Under Louisiana law, a motorist who rear-ends another vehicle is presumed to be at fault based on interpretations of La. R.S. 32:81(A). This presumption can be overcome, or rebutted, by evidence that the preceding vehicle operator, or someone else, was at fault. But what if you question whether the rear-ending motorist actually “rear-ended” the vehicle in front of it? Does a court automatically presume that the vehicle in the rear was at fault under the legal presumption?
The answer is “No,” according to the Louisiana Fifth Circuit Court of Appeal in its recent decision in Smith v. Charles Murret, 21-CA-662 (La. App. 5 Cir. 08/03/2022).[1]
FACTS OF THE CASE AND CONFLICTING TESTIMONY
In this car accident case, the Plaintiff, Ms. Smith, filed a lawsuit claiming that a Mr. Murret was at fault for her claimed injuries because Mr. Murret rear-ended her. Smith stated she was stopping for traffic while in the far-left lane of Veterans Boulevard in Jefferson Parish, a heavily trafficked area. As she stopped, she claimed Murret ran into her from the rear. Murret and his insurer filed an Answer, denying liability and claiming that Smith, indeed, backed into the front of his vehicle.

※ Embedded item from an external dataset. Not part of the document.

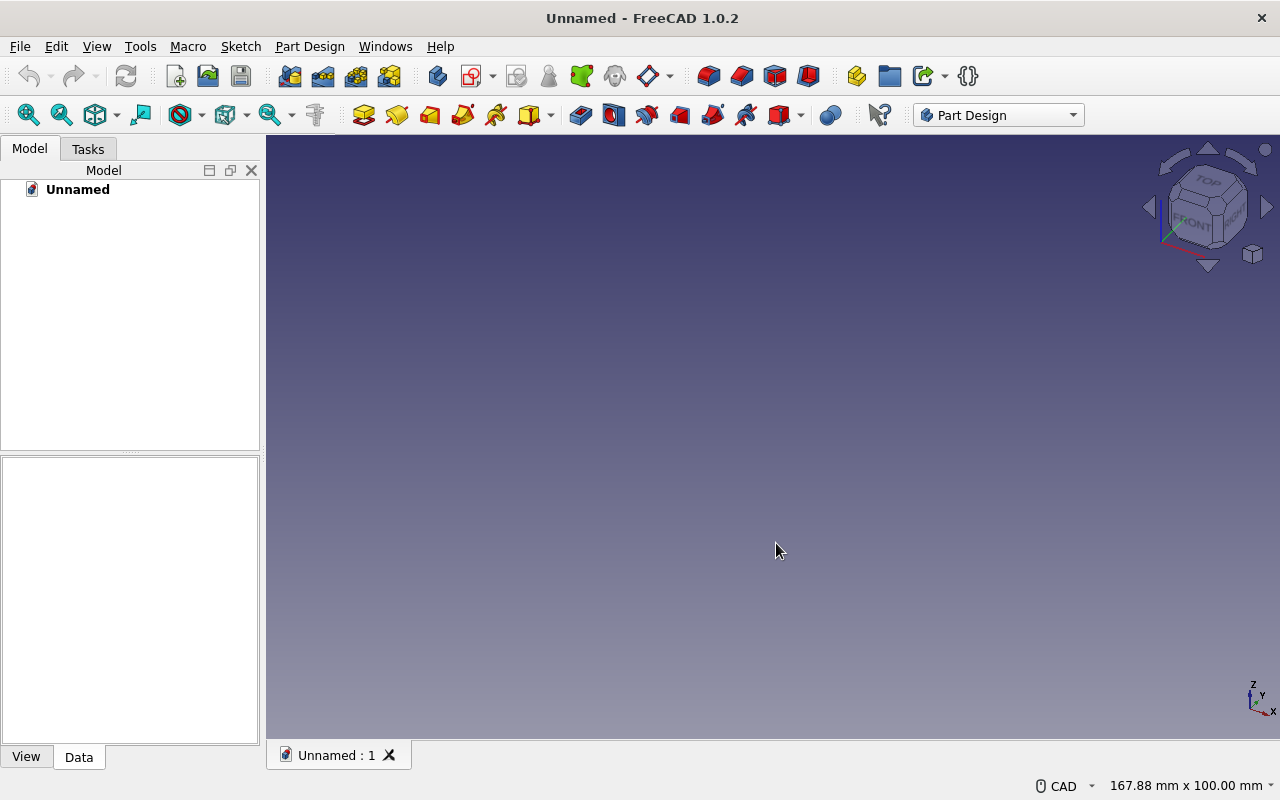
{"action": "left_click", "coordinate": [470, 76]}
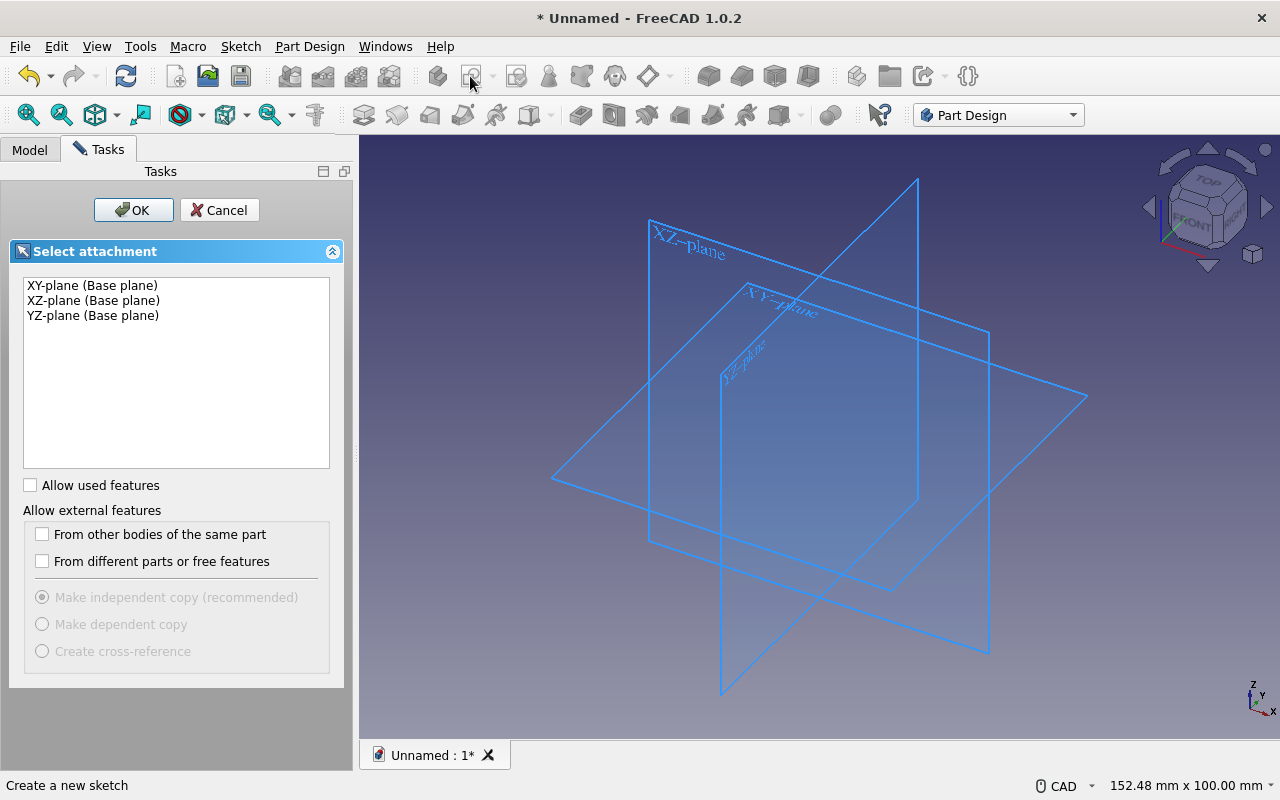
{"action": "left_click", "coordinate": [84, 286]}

The matter proceeded to a judge trial before the Hon. Paul A. Bonin[2] in First Parish Court (the equivalent of a small claims court). Smith testified that she stopped to allow a truck to merge into her lane and that she was stopped for a minute or two before being hit from behind, her testimony indicating a relatively minor collision. She informed Murret he had rear-ended her, but he claimed she backed into him.
On the other hand, Murret testified that Smith began to back up, as if she wanted to change lanes. He honked his horn, but she did not stop until front-ending his bumper. He claimed Smith jumped out of her car, accusing him of striking her vehicle. He replied that he was stopped and could not have rear-ended her.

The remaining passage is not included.